(Beginning of Source records)
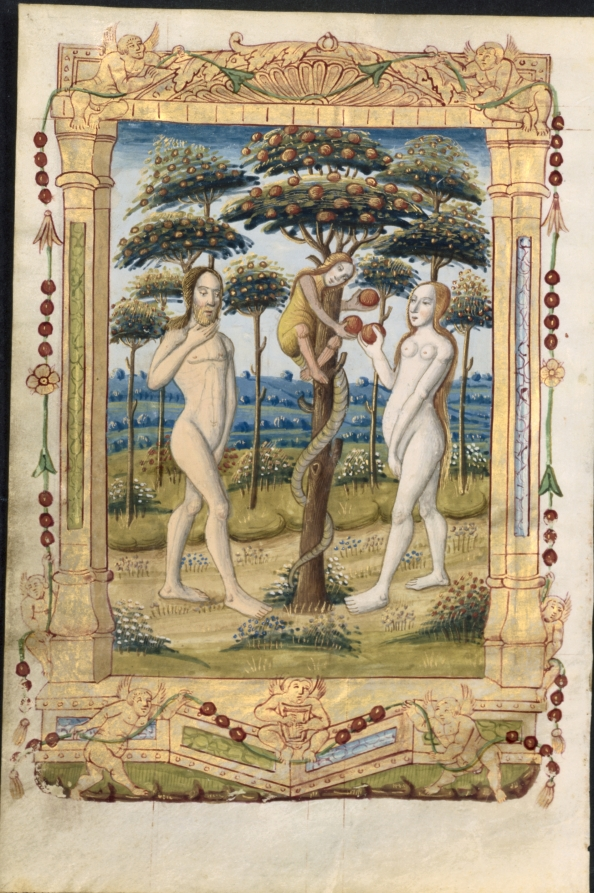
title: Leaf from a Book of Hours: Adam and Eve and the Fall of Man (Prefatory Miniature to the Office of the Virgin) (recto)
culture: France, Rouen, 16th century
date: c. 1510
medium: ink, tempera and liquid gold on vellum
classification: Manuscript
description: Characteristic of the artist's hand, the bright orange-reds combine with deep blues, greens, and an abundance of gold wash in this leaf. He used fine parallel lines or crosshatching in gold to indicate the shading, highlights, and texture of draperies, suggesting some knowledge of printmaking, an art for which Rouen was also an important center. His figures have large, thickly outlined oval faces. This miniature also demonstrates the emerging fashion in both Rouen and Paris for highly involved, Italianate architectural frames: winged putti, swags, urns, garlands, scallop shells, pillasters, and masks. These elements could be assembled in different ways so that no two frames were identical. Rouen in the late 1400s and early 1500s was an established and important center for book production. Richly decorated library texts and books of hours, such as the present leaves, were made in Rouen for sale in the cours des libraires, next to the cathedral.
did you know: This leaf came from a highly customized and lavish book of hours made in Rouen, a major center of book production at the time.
(End of Source records)
(Beginning of Source records)
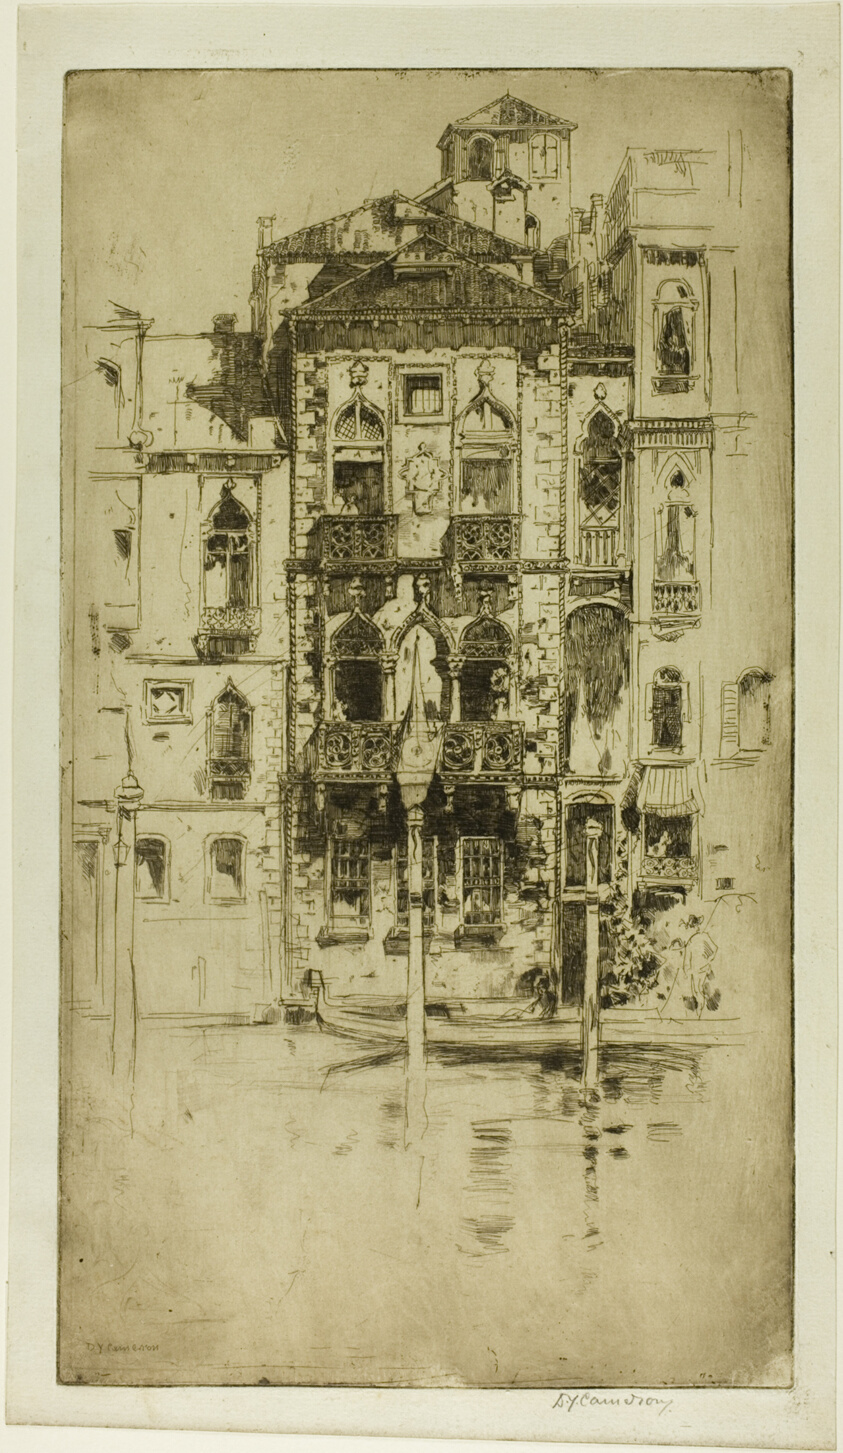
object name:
(End of Source records)
### [What is being asked]
Given the data above, transcribe exactly the lines from the one containing "title: Leaf from" down to the one containing "classification: Manuscript", and no others.

### [Exercise result]
title: Leaf from a Book of Hours: Adam and Eve and the Fall of Man (Prefatory Miniature to the Office of the Virgin) (recto)
culture: France, Rouen, 16th century
date: c. 1510
medium: ink, tempera and liquid gold on vellum
classification: Manuscript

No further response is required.